Овермен. Какое ему выплачивалось жалованье?
Брайант. Такое же, как всем… 50 долларов в месяц.
Овермен. Плюс то, что удавалось «прихватывать» на стороне?
Брайант. Там нельзя ничего «прихватить». В России, сенатор, очень опасно что-нибудь «прихватывать».
Уолкотт. Однако прихватили же они дворцы и особняки?
Брайант. Откуда вы знаете? Ведь вы там не были, а я была.
Уолкотт. У нас есть свидетельские показания о том, что они живут в роскошных дворцах и разъезжают в дорогих автомобилях.
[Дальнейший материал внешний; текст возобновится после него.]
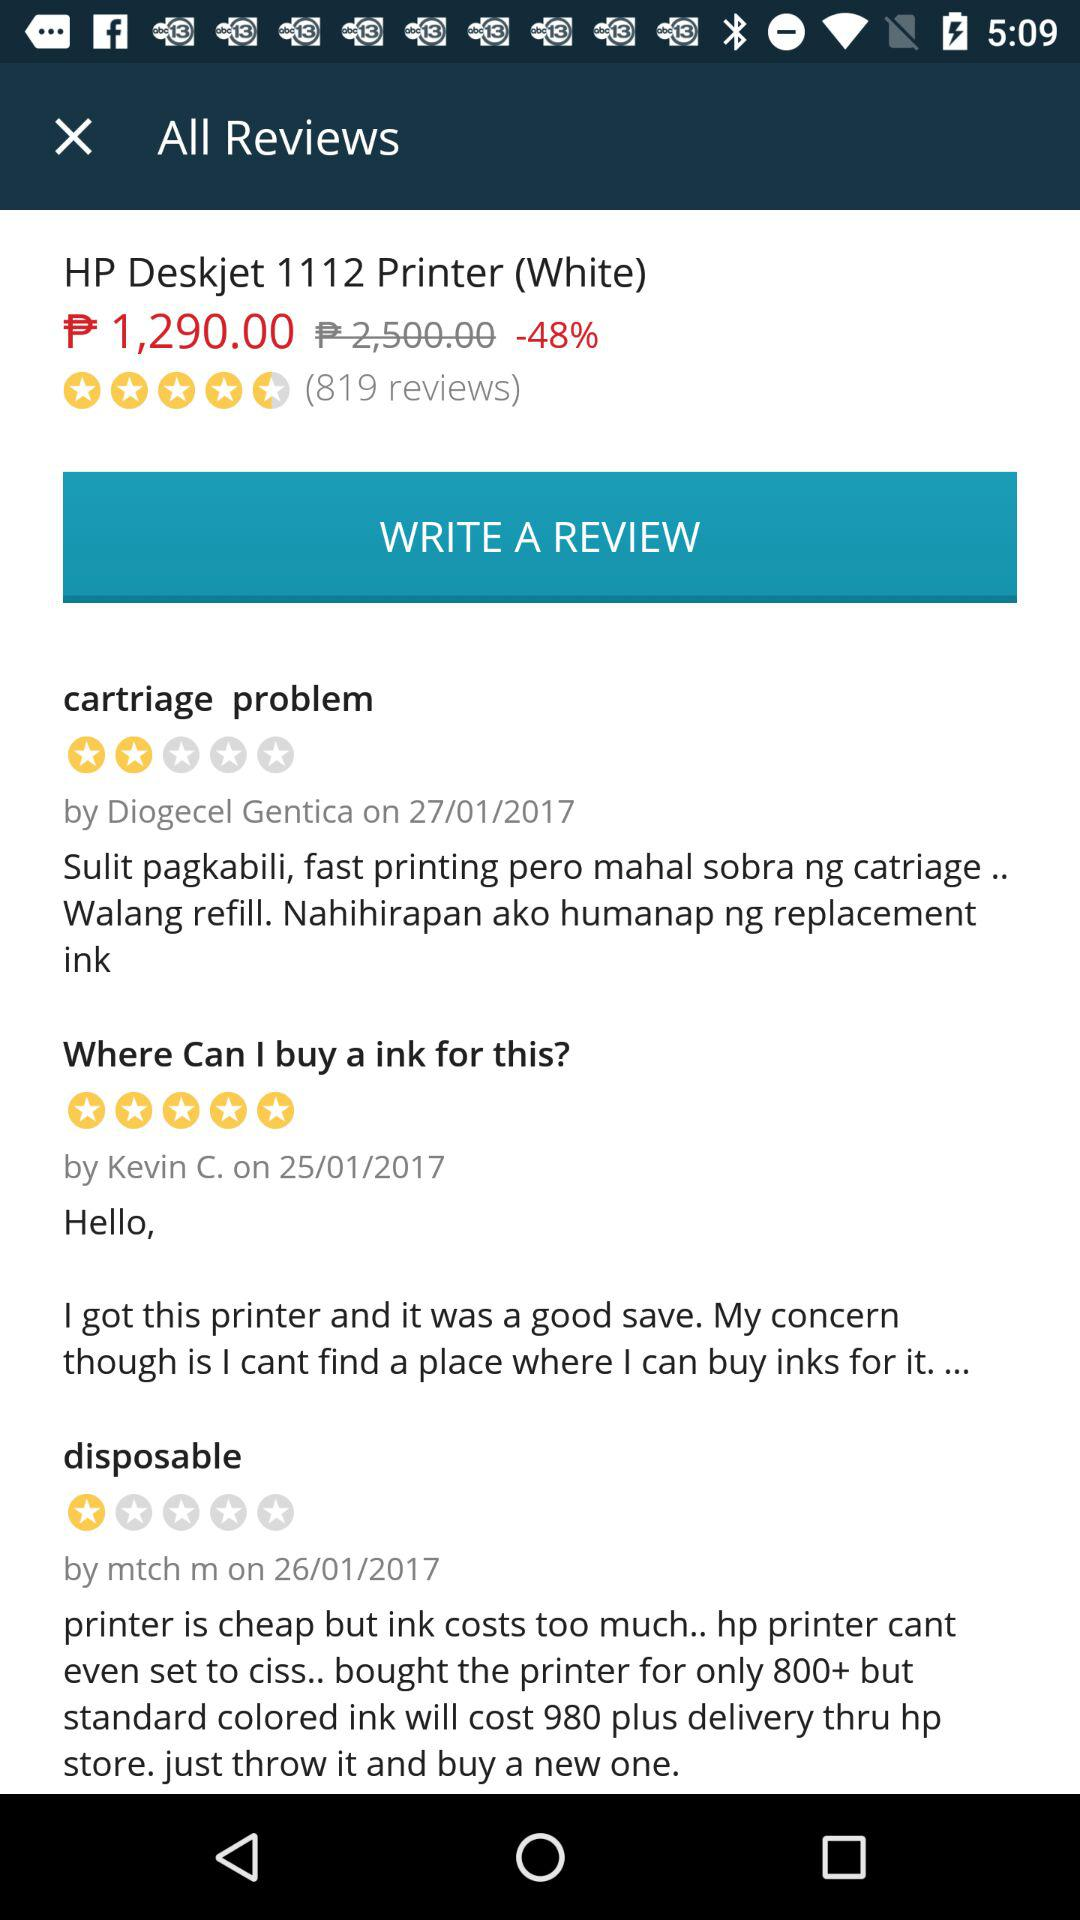When did "mtch m" give the review? The review was given on January 26, 2017.

Брайант. Не знаю никого, кто бы жил во дворце, после того как к власти пришли Советы.
Юм. Разве в период вашего пребывания там не было случаев убийства на улицах?
Брайант. Нет.
Юм. Видели вы людей, умиравших от голода?
Брайант. Нет.
Юм. Советское правительство выдавало продовольствие только тем, кто его поддерживал и был связан с ним, а всех остальных обрекало на голодную смерть?
Брайант. Это неправда.
Луиза пытается рассказать о разрухе, о том, что недостаток продовольствия в России объясняется не Советской властью, а долгой войной. Это сенаторов не интересует. Им нужно другое.
Овермен. Разве вы не знаете, что красногвардейцы врываются в квартиры, грабят дома?
Брайант. Нет, сэр.
Луиза не только отвечает на вопросы, она пользуется малейшей возможностью, чтобы высказать свою точку зрения, — как-никак в зале присутствуют журналисты, возможно, что хоть что-то из сказанного ею появится в газетах. Как американка, убежденная в праве всех народов на самоопределение, она резко высказывается против интервенции.
— Мы должны отозвать войска из России, так как установление дружественных отношений явилось бы благом для обеих стран.
Это уже нетерпимо. С угрозой в голосе Нельсон перебивает Луизу:
— Хотите ли вы, чтобы большевистская власть утвердилась в России?
Брайант. Я считаю, что это дело самих русских.